With only 16 students, the high school is much smaller than the other bilingual school in the area – Academia Teocali (666-1914), the oldest elementary and high school in Liberia.

HOWEVER, AtlanticCollege administrators are confident the growing population of Guanacaste will allow it to develop into an institution similar to its sister school in Limón. It is based on the same principal of providing an integrated education based on human rights and social communication, according to Emilia Durán, the school’s general director. The school has Costa Rican accreditation, and teachers are graduates of Costa Rican education programs.

Like Academia Teocali, math, some sciences and English literature are given in English. Both schools say that while the majority of their students are Costa Rican, they attract students from all over the world.

Although foreign parents can choose to send their children to any number of Costa Rican schools, some still feel limited by the number of options in Guanacaste.

“I wish somebody would open up another school for older children,” said parent Janet Brager.

“There are a lot of options for kids under the age of 7, but for older ages there are few.”

Brager, who has U.S. teacher accreditation up to Grade 4, is the director of one such school for younger students in Playa Potrero. Escuela La Mariposa (654-4420, currently serves toddlers through first graders.

Brager hopes to add a new grade every year. Teachers have U.S. teaching degrees, and are often volunteers embarking on their teaching career.
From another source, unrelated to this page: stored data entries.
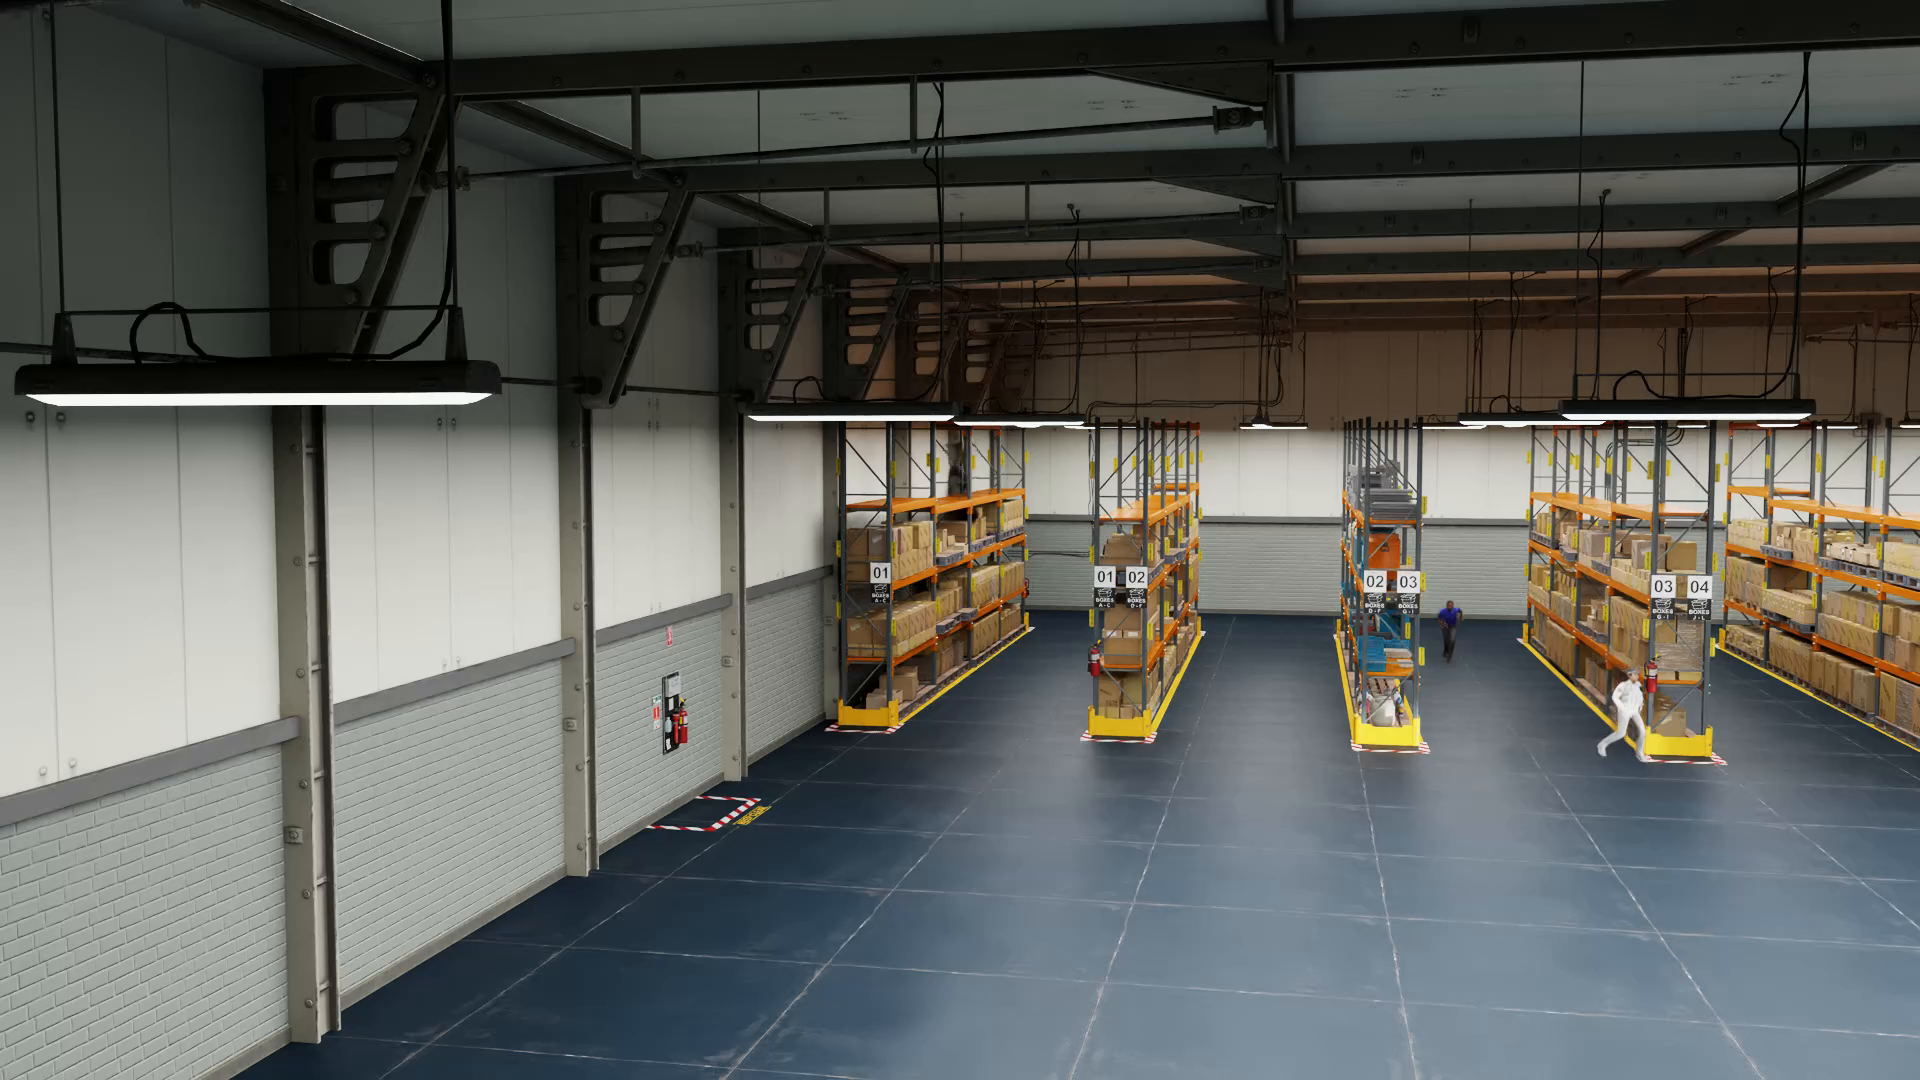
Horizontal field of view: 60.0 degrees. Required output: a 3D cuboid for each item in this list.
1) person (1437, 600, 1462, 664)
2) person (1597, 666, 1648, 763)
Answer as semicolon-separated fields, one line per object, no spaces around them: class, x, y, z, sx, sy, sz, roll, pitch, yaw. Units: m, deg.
person;12.204;2.272;41.502;0.617;1.615;0.955;1;4;9
person;11.630;3.034;29.016;0.831;1.691;0.684;-2;4;-26

The school is in the process of applying for Costa Rican accreditation.

Although the students are young, teachers at MariposaSchool give early lessons in environmental education by teaching gardening, composting and recycling.

“We don’t let them use plastic baggies to bring their lunch in, they have to use washable lunch containers,” Brager said.

Other instruction is focused on the arts and languages – teaching the students, equally native-English-speaking and native-Spanish-speaking, the opposite language.

STUDENTS at Instituto Bilingüe de Guanacaste (827-2928) in Playas de Coco receive the majority of their lessons in Spanish, according to director Shirley Bergeron. Bergeron then follows up with a parallel curriculum in English, not only helping the students’ language skills, but reiterating lessons learned, she said. The school is accredited in Costa Rica.

The elementary school burned down last year, along with a library Bergeron was attempting to build for the Playas del Coco community. But since reopening in February, Bergeron has found a new home in a renovated restaurant and is confident the school will continue to grow beyond the fourth grade it currently serves.

Escuela Primaria del Pacífico Norte (845-2245), the elementary school of Atlantic College, also hopes to grow in student population. It currently serves 25 students in kindergarten through third grade.

The school has Costa Rican accreditation, and teachers are graduates of Costa Rican education programs.

The AtlanticCollege philosophy of providing integrated education – building both the cognitive and sensitive part of a student’s being – carries through in this elementary school, Durán said.

“We teach a culture of peace and are very conscious of when a child feels good and when they do not feel good,” she said.